Read Requiem for a Ruler of Worlds Online
Authors: Brian Daley
Tags: #Fiction, #Literary, #General, #Science Fiction, #0345314875, #9780345314871
Ortega, the dignified senior crewman who was acting as banker, silently registered the transaction on his master till. Everyone trusted him; he was also keeper for several of the ship's hand-throws, wherein crewmen pooled their money and took turns spending the jackpot groundside.
Ortega officiated without payment, for the prestige and respect involved. In the case of the game, someone had to make sure nobody smuggled in extra money.

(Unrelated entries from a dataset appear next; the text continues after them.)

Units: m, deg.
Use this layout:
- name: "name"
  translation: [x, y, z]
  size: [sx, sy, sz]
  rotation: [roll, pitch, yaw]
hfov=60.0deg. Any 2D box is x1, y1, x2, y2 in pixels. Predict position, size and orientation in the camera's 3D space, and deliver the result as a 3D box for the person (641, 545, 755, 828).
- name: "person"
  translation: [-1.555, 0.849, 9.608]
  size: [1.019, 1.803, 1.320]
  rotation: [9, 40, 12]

"I always preferred dominoes anyhow," groused Alacrity, who'd lost quite a few gamebucks when the Chance card designated him Chairman of the Board. He'd been in Monopoly games where bluffing and side bets raised the ante, but this one was straight entry stakes, winner take all. It promised to be a long game.

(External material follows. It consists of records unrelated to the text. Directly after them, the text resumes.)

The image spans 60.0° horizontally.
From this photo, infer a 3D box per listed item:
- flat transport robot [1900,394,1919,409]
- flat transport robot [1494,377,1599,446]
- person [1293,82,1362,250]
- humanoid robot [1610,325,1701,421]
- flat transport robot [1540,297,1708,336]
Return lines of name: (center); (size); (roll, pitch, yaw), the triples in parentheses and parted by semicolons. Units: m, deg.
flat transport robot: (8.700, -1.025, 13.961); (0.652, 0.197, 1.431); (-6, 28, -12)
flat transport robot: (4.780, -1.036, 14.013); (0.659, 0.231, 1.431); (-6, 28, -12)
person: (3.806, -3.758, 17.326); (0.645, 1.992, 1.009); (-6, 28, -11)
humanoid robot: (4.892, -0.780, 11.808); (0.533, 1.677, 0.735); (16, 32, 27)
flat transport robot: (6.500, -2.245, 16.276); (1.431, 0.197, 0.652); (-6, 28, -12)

A dozen men and Squeeb were present. The Hyperbolarian wasn't devoting much concentration to the game; he hunkered in his place, bouncing happily every now and then, the powerful aroma of his Shore Leave dissipated. His comprehension of the rules was vague, but he wasn't particularly worried about losing. He was doing his best to take part in the wisecracking and camaraderie.

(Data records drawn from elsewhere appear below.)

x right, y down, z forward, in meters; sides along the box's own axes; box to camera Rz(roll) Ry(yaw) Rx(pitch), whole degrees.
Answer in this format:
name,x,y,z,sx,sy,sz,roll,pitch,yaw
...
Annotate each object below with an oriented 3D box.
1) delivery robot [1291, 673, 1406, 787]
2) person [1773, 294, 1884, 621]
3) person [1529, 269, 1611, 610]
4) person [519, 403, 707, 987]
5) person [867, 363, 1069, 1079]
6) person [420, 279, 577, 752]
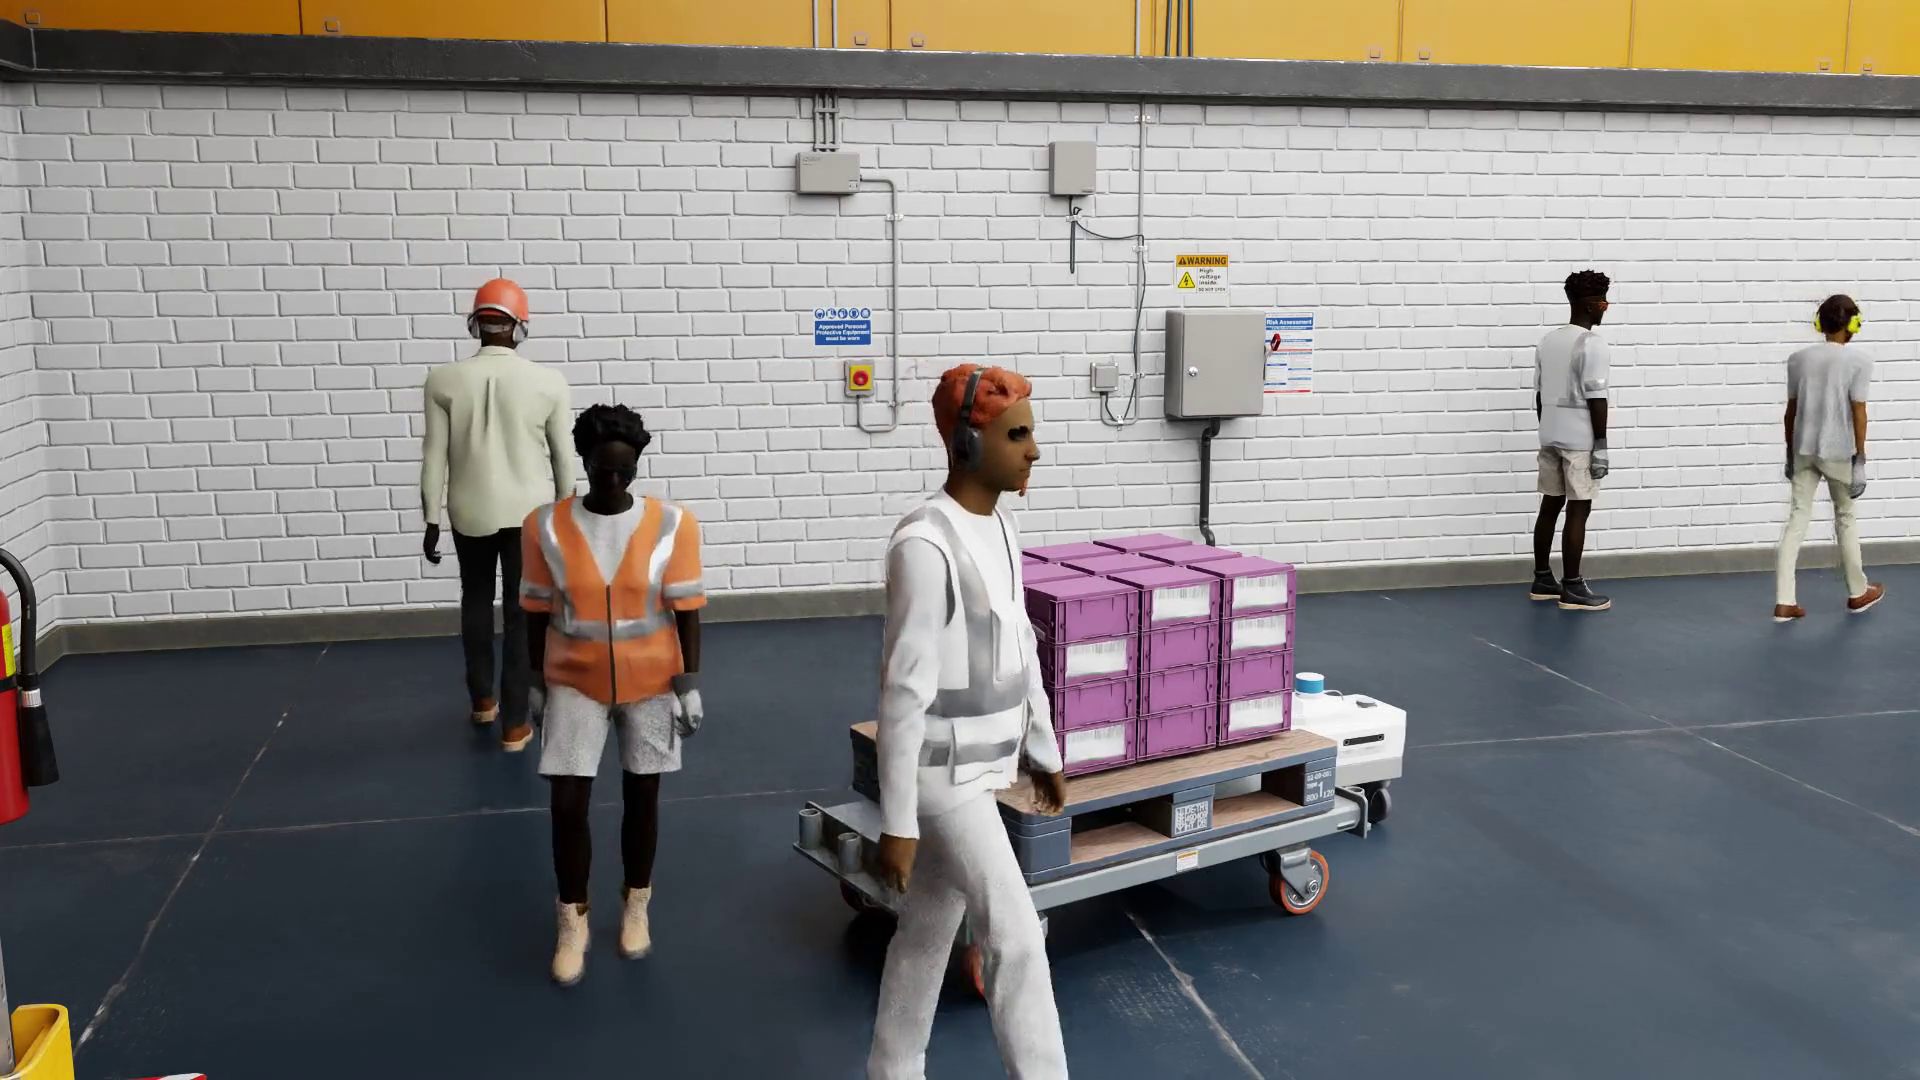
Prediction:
name,x,y,z,sx,sy,sz,roll,pitch,yaw
delivery robot,1.268,0.727,6.059,0.707,0.478,0.477,-5,11,-24
person,4.941,-0.462,9.396,0.865,1.826,0.551,-7,13,-35
person,3.567,-0.582,9.659,0.363,1.965,0.610,-3,11,-15
person,-0.993,0.441,4.795,0.536,1.670,0.540,-2,10,-10
person,0.136,0.545,3.713,0.853,1.853,0.613,3,11,16
person,-1.958,-0.124,7.132,0.618,1.957,0.809,-1,10,-8

"You sure the captain won't figure out something's going on?" Alacrity asked Juan-Feng. Only paying passengers were supposed to be able to carry on in
Bruja,
but covert rips were common on most ships where they were prohibited.
"Valdemar's too busy cooking the books, covering what he skims," was the answer.
Juan-Feng gloated over the money Alacrity had paid him, passing his benefactor a hip flask of knurled silver. Alacrity took a swig; his eyes popped and he fought for breath.
"Zhopa s ruchkoi,
you scum! You got a prescription for this stuff?"
"Piquant, isn't it?" Juan-Feng took a long pull at the flask.
The board had been set up in one corner of the lock, the six players and the banker crowded around it. The set was a breakabout's model, and could have been used in freefall or on the bulkhead or ceiling.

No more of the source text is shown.